14. The method of claim 12, wherein one capture probe is GenCP3; wherein the one or more detector probes are Dt1, Type III, Type V, Type 5, Type 4, Type 7, type 6, type 8,9, T1,2,4-Dt5, T1,2,4-Dt12, TypeIII-Dt2 or Type V-Dt4; and wherein the one or more blocker probes are B4A, B4B or B5.

15. A probe set for detecting, identifying or quantitating methicillin resistant Staphylococcus aureus (MRSA) or methicillin resistant coagulase negative staphylococci (MRCNS) in a sample, comprising: a) at least one oligonucleotide or oligonucleotide mimic comprising a nucleobase sequence selected from the group consisting of: SEQ ID NO:2, SEQ ID NO:3 and SEQ ID NO:4, SEQ ID NO:6, SEQ ID NO:7, SEQ ID NO:8, SEQ ID NO:9, SEQ ID NO:10, SEQ ID NO:11, SEQ ID NO:12, SEQ ID NO:13, SEQ ID NO:20, SEQ ID NO:21, and SEQ ID NO:22;b) an oligonucleotide or oligonucleotide mimic comprising SEQ ID NO:5; andc) at least one oligonucleotide or oligonucleotide mimic comprising a nucleobase sequence selected from the group consisting of: SEQ ID NO:14, SEQ ID NO:15, and SEQ ID NO:16.

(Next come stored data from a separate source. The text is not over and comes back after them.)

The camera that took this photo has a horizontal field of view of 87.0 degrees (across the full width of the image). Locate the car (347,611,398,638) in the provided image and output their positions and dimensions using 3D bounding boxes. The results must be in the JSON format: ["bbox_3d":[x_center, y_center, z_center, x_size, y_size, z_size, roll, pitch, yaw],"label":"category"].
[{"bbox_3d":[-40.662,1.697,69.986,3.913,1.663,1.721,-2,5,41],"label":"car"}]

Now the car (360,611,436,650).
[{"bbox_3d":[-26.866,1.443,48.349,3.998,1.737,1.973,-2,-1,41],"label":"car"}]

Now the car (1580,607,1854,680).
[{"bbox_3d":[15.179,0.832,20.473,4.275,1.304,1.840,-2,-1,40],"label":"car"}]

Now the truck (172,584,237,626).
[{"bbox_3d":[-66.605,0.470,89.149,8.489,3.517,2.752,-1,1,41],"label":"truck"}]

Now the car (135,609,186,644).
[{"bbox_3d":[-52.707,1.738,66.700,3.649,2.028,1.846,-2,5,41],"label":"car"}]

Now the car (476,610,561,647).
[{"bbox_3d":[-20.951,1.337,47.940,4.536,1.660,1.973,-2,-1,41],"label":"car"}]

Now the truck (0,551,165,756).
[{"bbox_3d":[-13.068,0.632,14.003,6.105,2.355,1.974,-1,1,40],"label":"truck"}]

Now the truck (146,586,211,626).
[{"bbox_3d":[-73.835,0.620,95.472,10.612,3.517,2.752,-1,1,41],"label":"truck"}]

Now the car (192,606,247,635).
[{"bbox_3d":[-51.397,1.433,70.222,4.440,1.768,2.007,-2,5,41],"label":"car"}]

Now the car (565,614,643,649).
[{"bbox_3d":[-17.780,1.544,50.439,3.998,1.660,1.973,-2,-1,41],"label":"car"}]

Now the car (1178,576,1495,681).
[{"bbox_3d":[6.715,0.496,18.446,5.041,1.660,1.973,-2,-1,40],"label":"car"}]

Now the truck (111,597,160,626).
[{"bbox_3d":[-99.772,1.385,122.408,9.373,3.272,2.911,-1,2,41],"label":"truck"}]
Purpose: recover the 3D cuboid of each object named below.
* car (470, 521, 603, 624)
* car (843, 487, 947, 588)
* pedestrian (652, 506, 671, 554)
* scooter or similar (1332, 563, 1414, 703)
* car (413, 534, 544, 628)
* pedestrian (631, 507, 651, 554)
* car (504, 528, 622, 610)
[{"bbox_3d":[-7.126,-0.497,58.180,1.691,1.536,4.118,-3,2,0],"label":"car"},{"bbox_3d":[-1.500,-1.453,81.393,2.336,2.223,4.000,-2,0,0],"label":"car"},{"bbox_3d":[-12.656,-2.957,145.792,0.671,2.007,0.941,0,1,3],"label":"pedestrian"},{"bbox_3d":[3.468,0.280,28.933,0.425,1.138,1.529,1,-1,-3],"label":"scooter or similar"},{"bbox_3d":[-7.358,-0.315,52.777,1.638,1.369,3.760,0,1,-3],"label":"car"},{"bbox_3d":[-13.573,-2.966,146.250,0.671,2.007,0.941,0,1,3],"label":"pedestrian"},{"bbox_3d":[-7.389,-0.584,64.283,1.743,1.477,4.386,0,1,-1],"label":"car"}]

16. The probe set of claim 15, which comprises at least one oligonucleotide or oligonucleotide mimic that comprises at least one monomer of an oligonucleotide mimic.

17. The probe set of claim 15, which comprises at least one oligonucleotide or oligonucleotide mimic that comprises at least one LNA monomer.

18. The probe set of claim 15, which comprises at least one oligonucleotide or oligonucleotide mimic that comprises 4 or more LNA monomers.

19. The probe set of claim 15, which comprises at least one oligonucleotide or oligonucleotide mimic that consists of LNA.

20. The probe set of claim 15, which comprises at least one oligonucleotide or oligonucleotide mimic that comprises at least one PNA monomer.